I have never lived in modern high-rise apartment buildings.  I also never understood why they are so unsightly.  In Korea, the rate of redevelopment is astonishing. Seeking abandoned structures in Seoul, I came across countless houses with traditional rooftops being bulldozed to make way for new apartment buildings.  Many houses were still full of personal memorabilia like family photographs.  Residents had evacuated quickly as if a natural disaster were approaching.  These scenes reminded me that the sense of security offered by man-made shelters is fragile and fugitive.  The high-rise apartment buildings will some day meet the same fate of being evacuated and demolished. 

 

Demolition Zone, Geumho, Seoul, Korea

Before searching for demolition zones in Korea, I had a romantic idea that Seoul was full of Moon Villages.  Only a few months ago, I came to the realization that all of the neighborhoods that would be equivalent to Brazil’s favelas were already razed to the ground.  I found one narrow street in a largely demolished area with small houses so close together that the entryways to three different family homes were merely a couple feet apart.
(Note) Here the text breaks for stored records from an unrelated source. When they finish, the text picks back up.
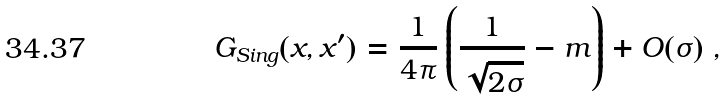Convert formula to latex. <formula><loc_0><loc_0><loc_500><loc_500>G _ { S i n g } ( x , x ^ { \prime } ) = \frac { 1 } { 4 \pi } \left ( \frac { 1 } { \sqrt { 2 \sigma } } - m \right ) + O ( \sigma ) \ ,</formula> 
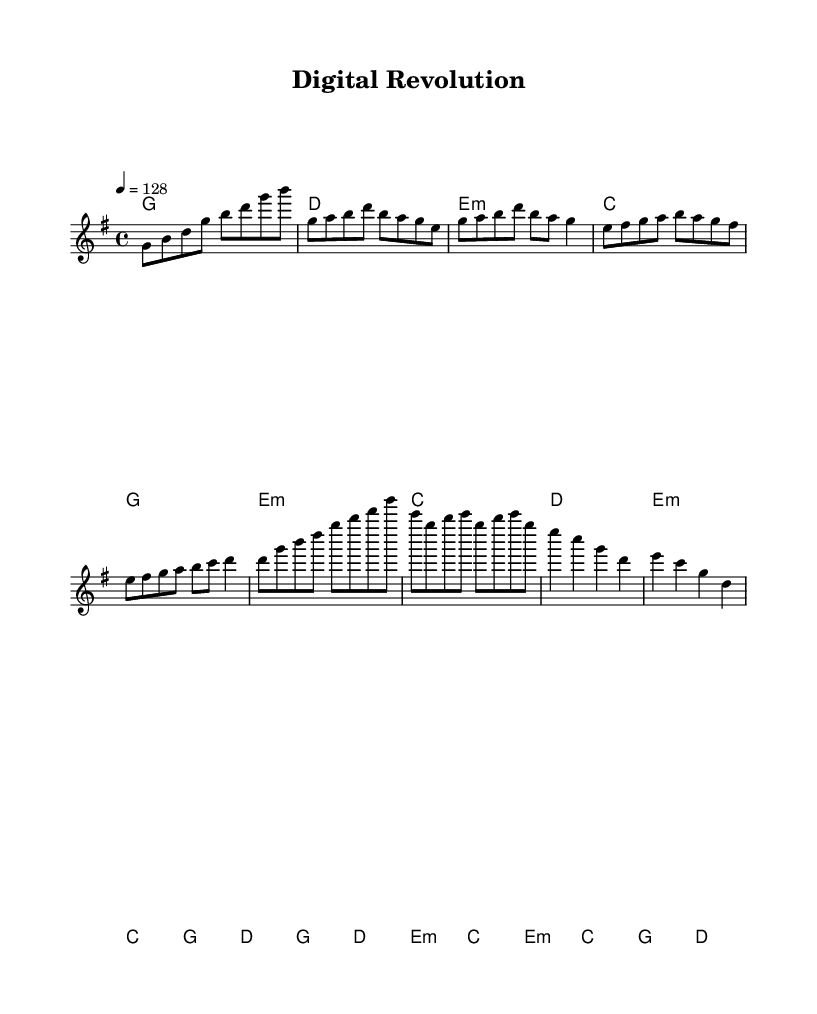What is the key signature of this music? The key signature is G major, which has one sharp (F#).
Answer: G major What is the time signature of this music? The time signature is 4/4, indicating four beats per measure.
Answer: 4/4 What is the tempo marking for this piece? The tempo marking indicates a speed of 128 beats per minute.
Answer: 128 How many measures are in the chorus section? The chorus consists of 4 measures, as seen in the music notation.
Answer: 4 What type of chords are primarily used in the pre-chorus section? The pre-chorus features a combination of major and minor chords, specifically E minor, C, G, and D.
Answer: Major and minor chords What unique lyrical theme is suggested by the title "Digital Revolution"? The title suggests a focus on technological advancements and innovation, a common theme in K-Pop lyrics.
Answer: Technology and innovation Which section of the music has the highest melodic note? The highest note in the melody is B, found in the pre-chorus and chorus sections.
Answer: B 
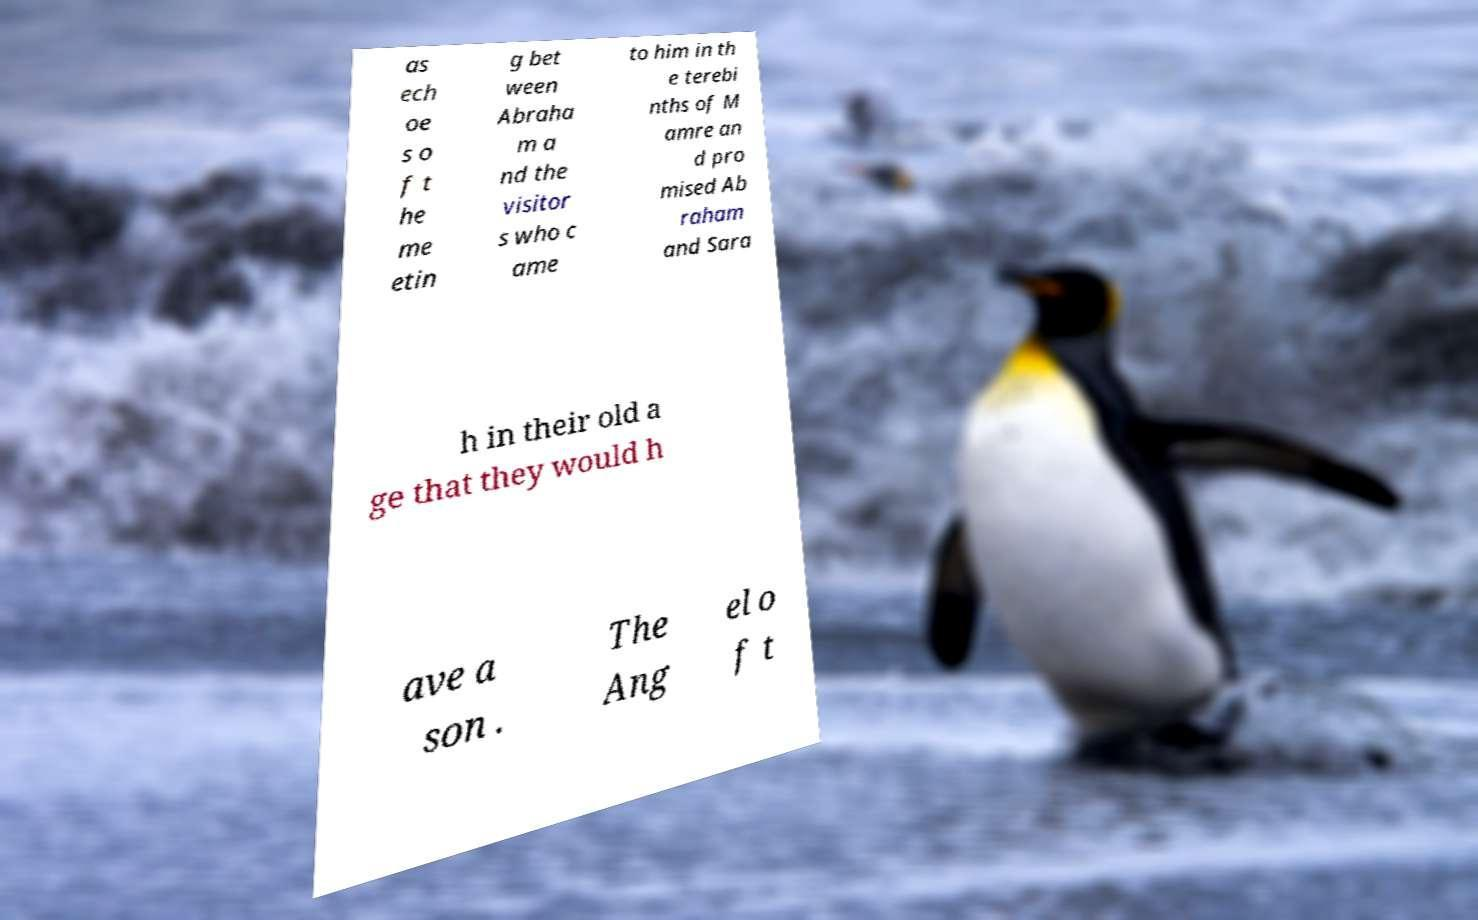What messages or text are displayed in this image? I need them in a readable, typed format. as ech oe s o f t he me etin g bet ween Abraha m a nd the visitor s who c ame to him in th e terebi nths of M amre an d pro mised Ab raham and Sara h in their old a ge that they would h ave a son . The Ang el o f t 
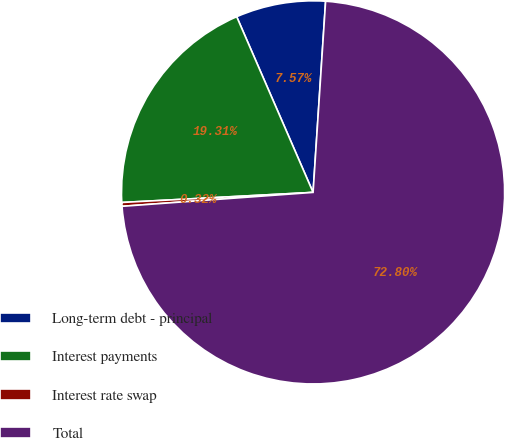Convert chart to OTSL. <chart><loc_0><loc_0><loc_500><loc_500><pie_chart><fcel>Long-term debt - principal<fcel>Interest payments<fcel>Interest rate swap<fcel>Total<nl><fcel>7.57%<fcel>19.31%<fcel>0.32%<fcel>72.8%<nl></chart> 
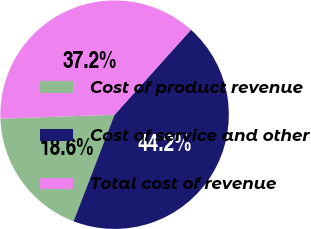Convert chart to OTSL. <chart><loc_0><loc_0><loc_500><loc_500><pie_chart><fcel>Cost of product revenue<fcel>Cost of service and other<fcel>Total cost of revenue<nl><fcel>18.6%<fcel>44.19%<fcel>37.21%<nl></chart> 
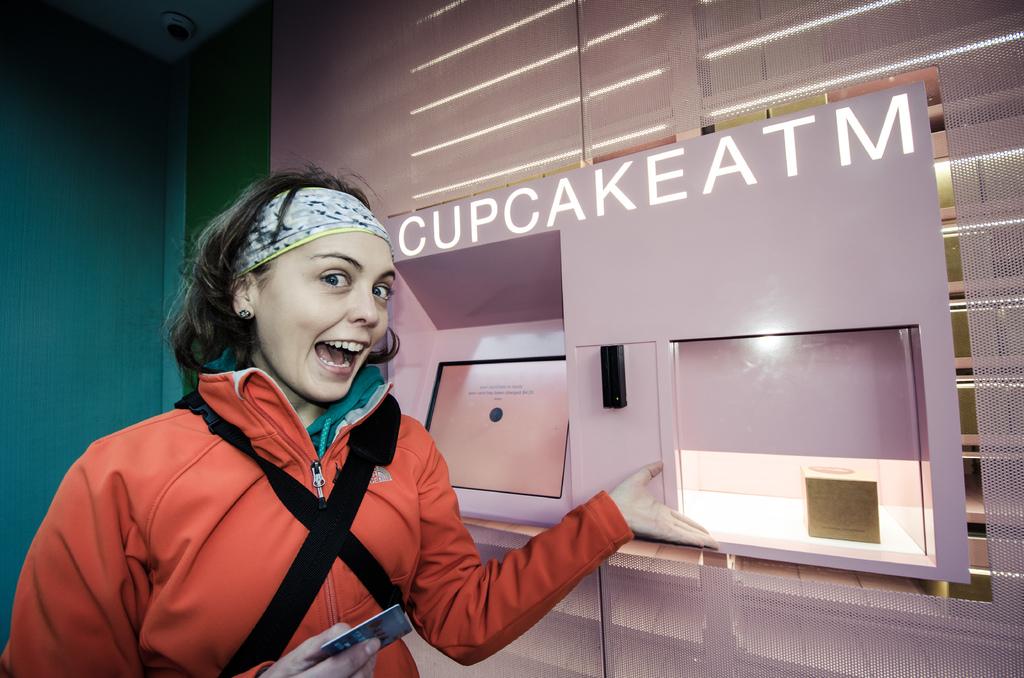What does the atm dispense?
Make the answer very short. Cupcake. What kind of machine is this?
Your answer should be compact. Cupcake atm. 
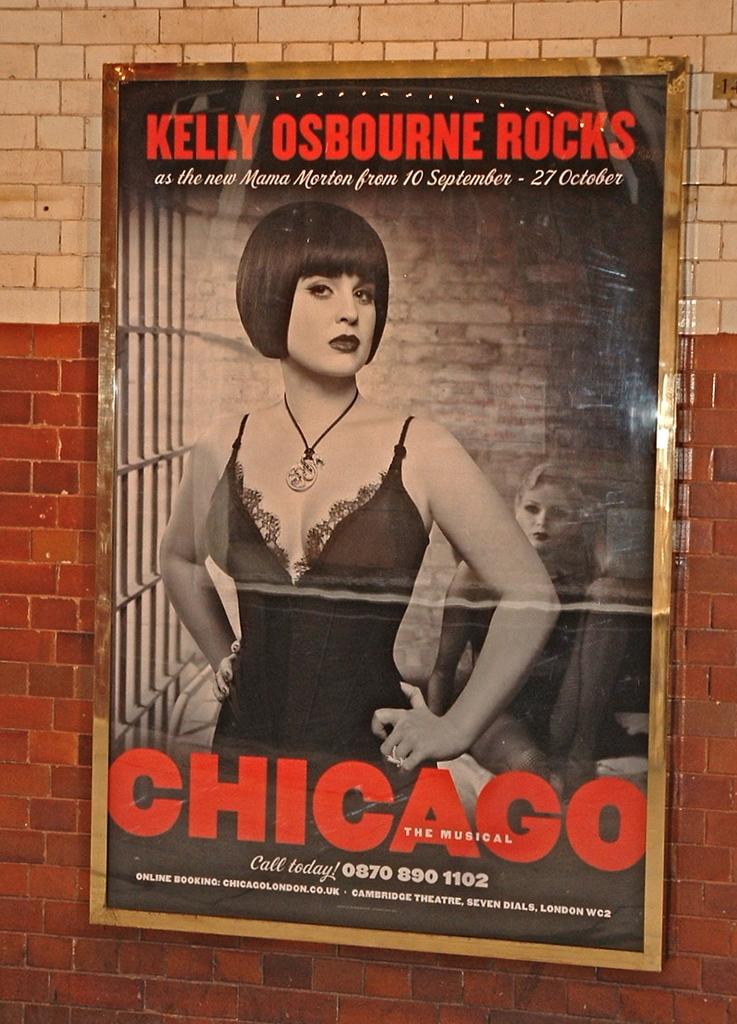What is the name of the play?
Ensure brevity in your answer.  Chicago. What city is shown on this picture?
Offer a very short reply. Chicago.

The neighbors must have been very close, since they would have heard everything happening in each other’s houses.  The way the streets and houses are formed in a settlement like this is beautiful because it shows how the community was naturally constructed over time, leaving no records in blueprints or architecture books. 

 

Demolition Zone, Aeogae, Seoul, Korea

Streets from my childhood often appear in my dreams.  I am usually lost without any sense of where I am.   Alas even in reality, the streets from my childhood in Seoul have changed beyond recognition.  The images of these streets are now only faint snapshots stored somewhere very deep in my psyche.  An alleyway I came across in a demolition zone struck me with an uncanny recognition although I had never been there before. 

 

Hangang Sewer, Seoul, Korea

As a child I had a morbid fear of deep water.  The Han River for me became synonymous with death, not only because it seemed so wide and bottomless but also because I was repeatedly told that the water was toxic.  Everything becomes exaggerated in a child’s mind.  I always imagined that I would instantly die if I fell into the river.  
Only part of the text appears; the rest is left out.